Exact transcript, pictures excluded: write out every record below.
-.-.-
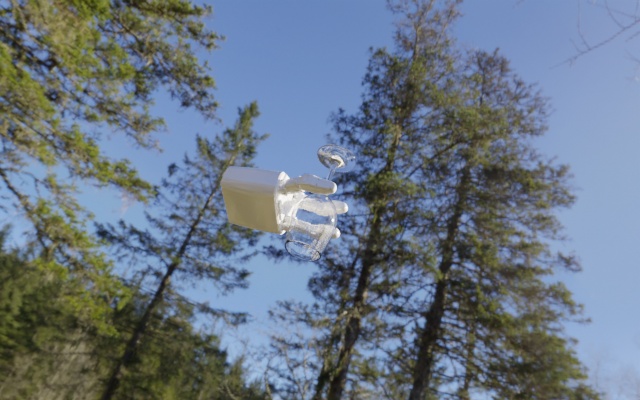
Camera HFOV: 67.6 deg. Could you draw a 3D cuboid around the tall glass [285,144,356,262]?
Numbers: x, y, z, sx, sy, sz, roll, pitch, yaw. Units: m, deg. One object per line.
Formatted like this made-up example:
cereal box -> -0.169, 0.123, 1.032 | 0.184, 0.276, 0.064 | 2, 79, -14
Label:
tall glass -> 0.000, 0.002, 0.814 | 0.079, 0.201, 0.079 | 14, -33, 9
-.-.-
**Exercise answer**
Camera HFOV: 67.6 deg. Could you draw a 3D cuboid around the tall glass [285,144,356,262]?
Numbers: x, y, z, sx, sy, sz, roll, pitch, yaw. Units: m, deg. One object per line.
Formatted like this made-up example:
cereal box -> -0.169, 0.123, 1.032 | 0.184, 0.276, 0.064 | 2, 79, -14
Label:
tall glass -> 0.000, 0.002, 0.814 | 0.079, 0.201, 0.079 | 14, -33, 9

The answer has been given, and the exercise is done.